TASK ITEM:
When you reach the line with "picture [118, 135, 233, 170]" in the data below, begin printing lines exactly, and stop once the line with "subtitle Uploading logs [118, 133, 1122, 166]" has been printed.

TASK INPUT:
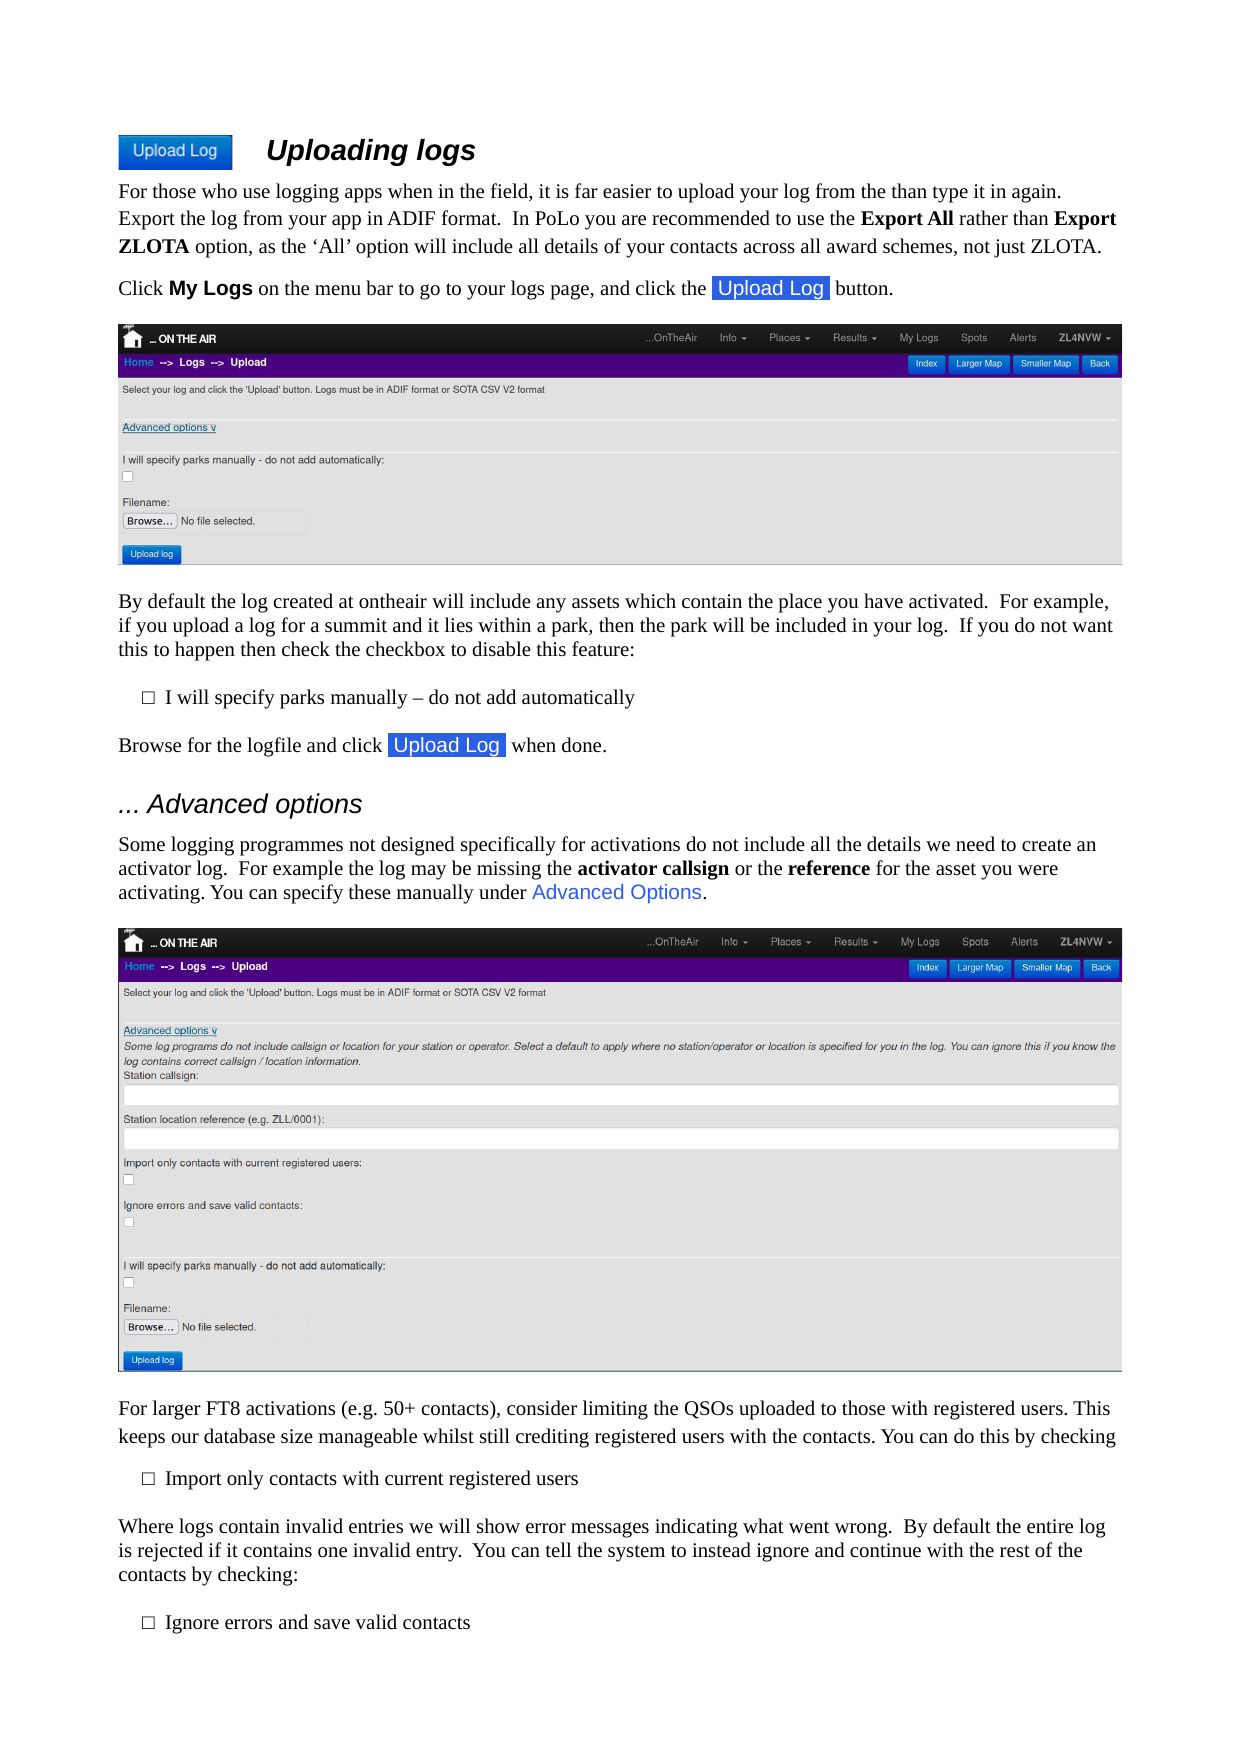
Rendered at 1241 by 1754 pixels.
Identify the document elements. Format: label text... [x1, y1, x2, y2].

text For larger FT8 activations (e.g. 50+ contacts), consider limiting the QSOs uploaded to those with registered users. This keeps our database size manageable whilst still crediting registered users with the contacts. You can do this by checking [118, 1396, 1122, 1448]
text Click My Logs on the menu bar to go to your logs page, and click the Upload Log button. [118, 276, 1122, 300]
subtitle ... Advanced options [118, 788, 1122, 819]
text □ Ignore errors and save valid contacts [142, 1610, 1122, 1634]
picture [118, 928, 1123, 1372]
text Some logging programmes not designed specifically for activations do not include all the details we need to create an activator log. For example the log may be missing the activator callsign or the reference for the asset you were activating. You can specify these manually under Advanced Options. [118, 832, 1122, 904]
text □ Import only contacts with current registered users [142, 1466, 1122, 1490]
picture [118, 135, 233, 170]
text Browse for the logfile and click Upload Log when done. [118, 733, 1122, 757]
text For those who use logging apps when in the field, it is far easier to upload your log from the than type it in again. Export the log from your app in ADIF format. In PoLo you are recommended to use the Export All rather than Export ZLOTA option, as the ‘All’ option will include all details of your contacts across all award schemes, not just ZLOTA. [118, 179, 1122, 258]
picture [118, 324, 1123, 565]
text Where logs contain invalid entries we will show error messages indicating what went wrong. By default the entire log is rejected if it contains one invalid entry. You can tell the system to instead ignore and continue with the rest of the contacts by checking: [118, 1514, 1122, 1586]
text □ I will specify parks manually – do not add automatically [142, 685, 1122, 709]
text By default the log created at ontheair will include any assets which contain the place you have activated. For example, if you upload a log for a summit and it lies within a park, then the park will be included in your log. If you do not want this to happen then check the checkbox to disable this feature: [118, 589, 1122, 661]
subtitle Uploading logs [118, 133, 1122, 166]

--

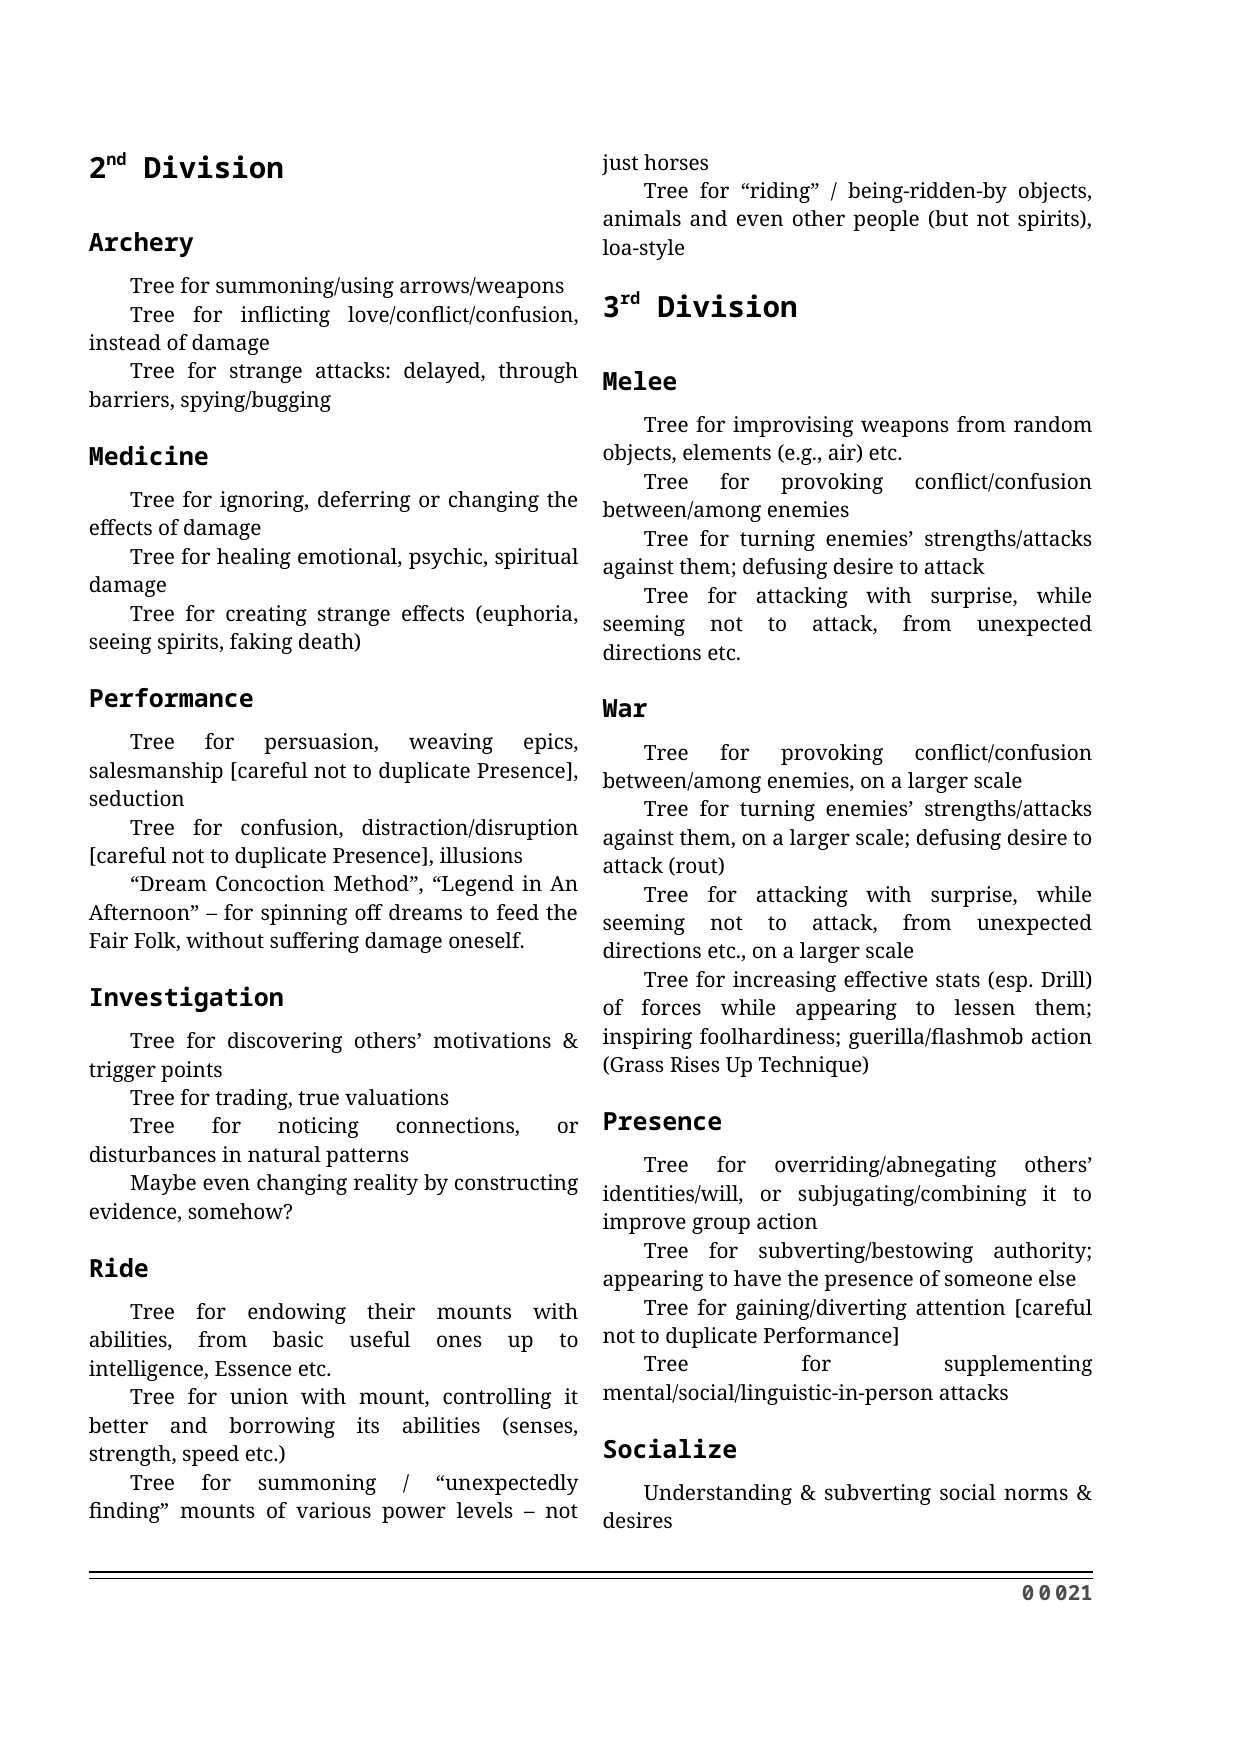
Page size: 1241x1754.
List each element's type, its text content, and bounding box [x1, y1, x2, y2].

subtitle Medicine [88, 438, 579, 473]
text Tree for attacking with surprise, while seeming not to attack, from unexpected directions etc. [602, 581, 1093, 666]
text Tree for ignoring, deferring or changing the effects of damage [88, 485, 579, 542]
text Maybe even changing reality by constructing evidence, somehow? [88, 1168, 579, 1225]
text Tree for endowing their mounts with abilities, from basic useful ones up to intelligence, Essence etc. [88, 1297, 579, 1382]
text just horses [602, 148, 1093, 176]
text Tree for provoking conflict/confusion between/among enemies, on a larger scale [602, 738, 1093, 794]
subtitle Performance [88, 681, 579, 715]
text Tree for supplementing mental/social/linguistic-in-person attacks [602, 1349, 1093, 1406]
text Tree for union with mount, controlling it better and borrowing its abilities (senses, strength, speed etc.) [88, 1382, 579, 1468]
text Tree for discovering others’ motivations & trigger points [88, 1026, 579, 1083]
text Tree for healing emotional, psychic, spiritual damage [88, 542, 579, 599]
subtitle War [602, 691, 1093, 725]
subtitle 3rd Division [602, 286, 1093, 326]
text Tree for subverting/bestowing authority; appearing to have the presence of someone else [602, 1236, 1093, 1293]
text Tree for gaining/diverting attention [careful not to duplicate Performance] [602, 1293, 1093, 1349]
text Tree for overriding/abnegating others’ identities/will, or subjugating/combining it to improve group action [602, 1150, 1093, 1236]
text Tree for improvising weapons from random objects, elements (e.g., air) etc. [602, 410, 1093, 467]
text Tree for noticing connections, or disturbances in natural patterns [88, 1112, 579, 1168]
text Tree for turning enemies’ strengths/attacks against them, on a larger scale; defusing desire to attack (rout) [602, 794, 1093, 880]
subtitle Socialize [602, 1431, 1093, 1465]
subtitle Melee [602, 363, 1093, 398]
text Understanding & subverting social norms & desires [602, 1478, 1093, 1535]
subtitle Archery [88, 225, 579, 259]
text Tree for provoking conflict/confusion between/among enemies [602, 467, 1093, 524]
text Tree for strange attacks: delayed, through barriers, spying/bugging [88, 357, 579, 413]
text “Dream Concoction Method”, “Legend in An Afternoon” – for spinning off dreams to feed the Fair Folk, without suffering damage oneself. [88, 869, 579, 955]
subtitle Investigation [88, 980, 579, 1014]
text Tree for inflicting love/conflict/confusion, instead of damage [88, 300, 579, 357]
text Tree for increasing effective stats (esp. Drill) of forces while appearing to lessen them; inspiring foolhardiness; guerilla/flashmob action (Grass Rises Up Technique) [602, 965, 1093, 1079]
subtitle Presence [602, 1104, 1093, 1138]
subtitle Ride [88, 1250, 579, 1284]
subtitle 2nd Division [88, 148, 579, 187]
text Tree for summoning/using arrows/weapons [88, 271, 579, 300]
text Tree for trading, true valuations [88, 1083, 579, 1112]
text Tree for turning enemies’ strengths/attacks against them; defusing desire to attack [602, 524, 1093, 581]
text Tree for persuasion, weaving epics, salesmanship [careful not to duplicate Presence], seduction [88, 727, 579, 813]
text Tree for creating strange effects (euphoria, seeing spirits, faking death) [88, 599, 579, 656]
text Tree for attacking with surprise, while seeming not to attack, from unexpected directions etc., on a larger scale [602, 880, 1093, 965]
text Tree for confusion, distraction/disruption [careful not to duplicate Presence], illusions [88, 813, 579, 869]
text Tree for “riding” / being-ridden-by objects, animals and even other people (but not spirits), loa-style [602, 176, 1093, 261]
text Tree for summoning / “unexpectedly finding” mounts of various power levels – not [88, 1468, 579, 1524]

RESULT FOR THIS TASK:
picture [118, 135, 233, 170]
text Browse for the logfile and click Upload Log when done. [118, 733, 1122, 757]
text For those who use logging apps when in the field, it is far easier to upload your log from the than type it in again. Export the log from your app in ADIF format. In PoLo you are recommended to use the Export All rather than Export ZLOTA option, as the ‘All’ option will include all details of your contacts across all award schemes, not just ZLOTA. [118, 179, 1122, 258]
picture [118, 324, 1123, 565]
text Where logs contain invalid entries we will show error messages indicating what went wrong. By default the entire log is rejected if it contains one invalid entry. You can tell the system to instead ignore and continue with the rest of the contacts by checking: [118, 1514, 1122, 1586]
text □ I will specify parks manually – do not add automatically [142, 685, 1122, 709]
text By default the log created at ontheair will include any assets which contain the place you have activated. For example, if you upload a log for a summit and it lies within a park, then the park will be included in your log. If you do not want this to happen then check the checkbox to disable this feature: [118, 589, 1122, 661]
subtitle Uploading logs [118, 133, 1122, 166]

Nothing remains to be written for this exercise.